• _TASK BRIEF_: The reply should consist of one number, the count of lines below in which the word "cuboid" appears.

BEGIN

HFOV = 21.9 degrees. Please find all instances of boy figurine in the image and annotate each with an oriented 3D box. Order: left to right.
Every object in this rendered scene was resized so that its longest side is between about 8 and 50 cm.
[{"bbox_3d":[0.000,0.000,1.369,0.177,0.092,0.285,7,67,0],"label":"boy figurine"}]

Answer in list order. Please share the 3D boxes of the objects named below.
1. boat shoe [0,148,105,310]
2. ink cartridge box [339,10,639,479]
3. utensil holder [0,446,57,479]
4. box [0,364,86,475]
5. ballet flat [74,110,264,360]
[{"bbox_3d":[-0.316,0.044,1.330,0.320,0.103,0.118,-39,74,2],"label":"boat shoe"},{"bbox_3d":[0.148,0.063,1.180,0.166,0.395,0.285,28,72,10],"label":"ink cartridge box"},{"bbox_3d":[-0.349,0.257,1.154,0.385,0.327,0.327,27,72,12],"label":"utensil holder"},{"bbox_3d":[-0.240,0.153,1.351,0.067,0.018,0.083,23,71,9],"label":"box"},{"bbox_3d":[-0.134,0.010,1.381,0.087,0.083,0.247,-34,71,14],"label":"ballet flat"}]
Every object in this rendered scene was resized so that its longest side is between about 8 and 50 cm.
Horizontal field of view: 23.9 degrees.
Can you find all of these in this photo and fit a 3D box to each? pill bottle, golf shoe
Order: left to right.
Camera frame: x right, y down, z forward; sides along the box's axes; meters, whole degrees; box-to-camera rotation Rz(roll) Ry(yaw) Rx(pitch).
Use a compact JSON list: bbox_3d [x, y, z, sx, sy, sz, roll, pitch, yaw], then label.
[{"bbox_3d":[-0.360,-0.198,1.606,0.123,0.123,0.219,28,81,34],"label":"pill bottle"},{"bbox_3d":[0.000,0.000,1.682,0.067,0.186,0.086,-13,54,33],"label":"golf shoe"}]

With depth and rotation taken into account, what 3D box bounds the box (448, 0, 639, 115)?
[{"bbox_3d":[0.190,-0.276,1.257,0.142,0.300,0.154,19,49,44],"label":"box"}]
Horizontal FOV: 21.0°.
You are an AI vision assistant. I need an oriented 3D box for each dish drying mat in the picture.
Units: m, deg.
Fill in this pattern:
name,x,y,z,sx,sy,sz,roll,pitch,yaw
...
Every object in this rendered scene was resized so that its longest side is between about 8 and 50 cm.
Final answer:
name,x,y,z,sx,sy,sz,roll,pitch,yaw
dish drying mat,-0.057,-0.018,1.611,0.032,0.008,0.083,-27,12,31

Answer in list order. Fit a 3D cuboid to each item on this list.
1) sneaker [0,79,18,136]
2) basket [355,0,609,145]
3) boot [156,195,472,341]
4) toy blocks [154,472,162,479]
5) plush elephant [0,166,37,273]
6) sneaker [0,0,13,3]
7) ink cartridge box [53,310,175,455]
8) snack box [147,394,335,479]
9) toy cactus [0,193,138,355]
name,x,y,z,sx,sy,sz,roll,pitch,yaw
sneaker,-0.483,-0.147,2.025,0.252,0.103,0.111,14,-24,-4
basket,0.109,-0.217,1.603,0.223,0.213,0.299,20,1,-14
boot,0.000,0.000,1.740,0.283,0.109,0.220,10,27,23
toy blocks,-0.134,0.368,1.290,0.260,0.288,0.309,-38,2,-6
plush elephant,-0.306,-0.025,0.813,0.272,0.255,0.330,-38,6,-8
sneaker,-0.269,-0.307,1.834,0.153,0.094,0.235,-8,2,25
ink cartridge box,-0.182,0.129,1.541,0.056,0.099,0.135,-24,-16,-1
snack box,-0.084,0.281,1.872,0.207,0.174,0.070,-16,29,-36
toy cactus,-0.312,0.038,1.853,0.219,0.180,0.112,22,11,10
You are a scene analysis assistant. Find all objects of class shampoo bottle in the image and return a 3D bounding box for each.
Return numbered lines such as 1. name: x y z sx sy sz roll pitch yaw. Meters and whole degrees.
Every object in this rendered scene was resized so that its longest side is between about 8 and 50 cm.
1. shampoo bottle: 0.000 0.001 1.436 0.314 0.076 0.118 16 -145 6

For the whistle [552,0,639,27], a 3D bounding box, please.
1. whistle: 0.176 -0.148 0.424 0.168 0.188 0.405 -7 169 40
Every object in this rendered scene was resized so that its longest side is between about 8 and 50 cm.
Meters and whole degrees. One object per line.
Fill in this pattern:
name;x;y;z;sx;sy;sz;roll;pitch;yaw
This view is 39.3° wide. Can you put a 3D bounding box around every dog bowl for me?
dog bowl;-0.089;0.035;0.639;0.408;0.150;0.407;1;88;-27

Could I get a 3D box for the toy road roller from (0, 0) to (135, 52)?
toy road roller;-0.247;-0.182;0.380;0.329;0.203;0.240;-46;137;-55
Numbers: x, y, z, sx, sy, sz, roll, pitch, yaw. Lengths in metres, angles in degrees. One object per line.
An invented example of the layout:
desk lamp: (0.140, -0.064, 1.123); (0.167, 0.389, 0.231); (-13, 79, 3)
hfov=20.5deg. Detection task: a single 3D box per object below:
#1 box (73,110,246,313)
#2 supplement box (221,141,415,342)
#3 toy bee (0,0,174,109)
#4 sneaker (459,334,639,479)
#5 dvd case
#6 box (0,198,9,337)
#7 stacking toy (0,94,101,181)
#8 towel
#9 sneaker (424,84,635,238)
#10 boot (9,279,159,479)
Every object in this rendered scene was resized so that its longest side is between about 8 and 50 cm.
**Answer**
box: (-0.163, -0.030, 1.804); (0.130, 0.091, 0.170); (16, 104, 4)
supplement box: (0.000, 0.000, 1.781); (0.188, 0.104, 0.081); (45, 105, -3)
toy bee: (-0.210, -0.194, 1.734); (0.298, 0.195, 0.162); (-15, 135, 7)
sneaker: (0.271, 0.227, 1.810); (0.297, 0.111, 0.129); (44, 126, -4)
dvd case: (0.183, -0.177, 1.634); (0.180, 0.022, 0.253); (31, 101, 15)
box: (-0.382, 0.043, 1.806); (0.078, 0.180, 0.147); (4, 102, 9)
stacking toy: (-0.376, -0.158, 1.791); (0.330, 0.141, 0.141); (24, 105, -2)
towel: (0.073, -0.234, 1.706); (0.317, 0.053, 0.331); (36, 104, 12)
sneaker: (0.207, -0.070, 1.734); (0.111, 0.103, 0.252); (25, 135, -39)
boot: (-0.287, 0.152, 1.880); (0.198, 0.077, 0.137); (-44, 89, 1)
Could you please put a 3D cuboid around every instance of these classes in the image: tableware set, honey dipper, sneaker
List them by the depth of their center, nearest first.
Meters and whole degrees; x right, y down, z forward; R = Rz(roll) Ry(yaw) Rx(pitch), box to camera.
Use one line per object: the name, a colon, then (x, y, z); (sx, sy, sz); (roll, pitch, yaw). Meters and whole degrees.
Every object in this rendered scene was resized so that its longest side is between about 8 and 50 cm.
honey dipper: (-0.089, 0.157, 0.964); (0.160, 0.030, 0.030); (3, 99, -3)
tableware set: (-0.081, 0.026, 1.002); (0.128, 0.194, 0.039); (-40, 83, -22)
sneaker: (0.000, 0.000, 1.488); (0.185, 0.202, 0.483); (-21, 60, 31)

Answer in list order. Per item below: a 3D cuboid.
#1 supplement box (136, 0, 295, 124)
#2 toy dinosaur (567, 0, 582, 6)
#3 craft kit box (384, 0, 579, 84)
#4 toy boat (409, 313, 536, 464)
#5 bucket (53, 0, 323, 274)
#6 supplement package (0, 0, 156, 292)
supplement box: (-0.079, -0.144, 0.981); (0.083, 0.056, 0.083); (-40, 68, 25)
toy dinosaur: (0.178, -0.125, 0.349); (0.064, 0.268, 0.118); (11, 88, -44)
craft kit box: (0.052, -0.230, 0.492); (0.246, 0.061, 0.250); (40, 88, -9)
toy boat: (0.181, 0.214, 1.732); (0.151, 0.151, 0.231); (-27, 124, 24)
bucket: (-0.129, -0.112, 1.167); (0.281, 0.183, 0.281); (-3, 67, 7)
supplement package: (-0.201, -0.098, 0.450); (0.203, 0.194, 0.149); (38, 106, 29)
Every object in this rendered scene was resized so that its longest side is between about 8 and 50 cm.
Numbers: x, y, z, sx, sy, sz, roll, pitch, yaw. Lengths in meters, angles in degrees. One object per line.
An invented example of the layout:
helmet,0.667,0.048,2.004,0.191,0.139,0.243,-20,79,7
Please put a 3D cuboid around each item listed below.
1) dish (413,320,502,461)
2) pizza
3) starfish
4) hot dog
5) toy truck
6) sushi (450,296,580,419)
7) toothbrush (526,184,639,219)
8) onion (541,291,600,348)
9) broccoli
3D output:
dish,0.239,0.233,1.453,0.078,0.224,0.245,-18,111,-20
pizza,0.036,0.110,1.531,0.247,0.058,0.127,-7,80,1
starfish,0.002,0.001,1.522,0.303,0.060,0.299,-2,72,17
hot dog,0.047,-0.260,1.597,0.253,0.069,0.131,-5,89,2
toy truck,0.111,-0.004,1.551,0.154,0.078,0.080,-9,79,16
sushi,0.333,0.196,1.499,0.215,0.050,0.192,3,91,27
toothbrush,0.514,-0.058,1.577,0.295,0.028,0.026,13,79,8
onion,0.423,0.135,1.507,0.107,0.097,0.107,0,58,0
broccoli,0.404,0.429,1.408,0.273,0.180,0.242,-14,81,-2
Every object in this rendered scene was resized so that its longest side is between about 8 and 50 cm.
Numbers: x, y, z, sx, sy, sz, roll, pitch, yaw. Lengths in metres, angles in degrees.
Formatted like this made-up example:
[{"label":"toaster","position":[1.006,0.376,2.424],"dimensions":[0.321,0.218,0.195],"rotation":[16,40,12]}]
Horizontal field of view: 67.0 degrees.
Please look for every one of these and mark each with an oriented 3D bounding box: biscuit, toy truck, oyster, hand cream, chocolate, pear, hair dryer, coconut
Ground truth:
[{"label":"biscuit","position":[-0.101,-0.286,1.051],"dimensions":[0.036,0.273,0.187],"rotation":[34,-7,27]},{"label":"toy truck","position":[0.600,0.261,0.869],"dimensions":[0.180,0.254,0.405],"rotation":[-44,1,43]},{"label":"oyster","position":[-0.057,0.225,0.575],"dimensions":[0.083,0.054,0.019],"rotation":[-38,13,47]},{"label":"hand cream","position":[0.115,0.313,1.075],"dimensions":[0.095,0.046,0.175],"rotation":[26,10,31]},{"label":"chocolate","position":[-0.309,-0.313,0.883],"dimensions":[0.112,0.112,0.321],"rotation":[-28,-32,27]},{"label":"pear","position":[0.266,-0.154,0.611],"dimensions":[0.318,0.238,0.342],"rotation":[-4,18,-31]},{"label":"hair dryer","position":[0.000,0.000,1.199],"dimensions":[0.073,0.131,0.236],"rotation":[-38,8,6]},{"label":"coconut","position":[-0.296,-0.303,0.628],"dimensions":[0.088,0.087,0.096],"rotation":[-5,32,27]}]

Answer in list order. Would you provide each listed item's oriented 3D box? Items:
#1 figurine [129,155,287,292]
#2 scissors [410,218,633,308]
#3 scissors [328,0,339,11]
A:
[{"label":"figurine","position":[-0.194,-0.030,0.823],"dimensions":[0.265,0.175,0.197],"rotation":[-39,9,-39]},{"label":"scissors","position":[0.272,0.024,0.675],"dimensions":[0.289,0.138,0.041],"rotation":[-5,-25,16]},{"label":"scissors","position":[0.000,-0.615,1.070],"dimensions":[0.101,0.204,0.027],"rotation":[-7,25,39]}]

END

• _RESPONSE TO THE TASK_: 4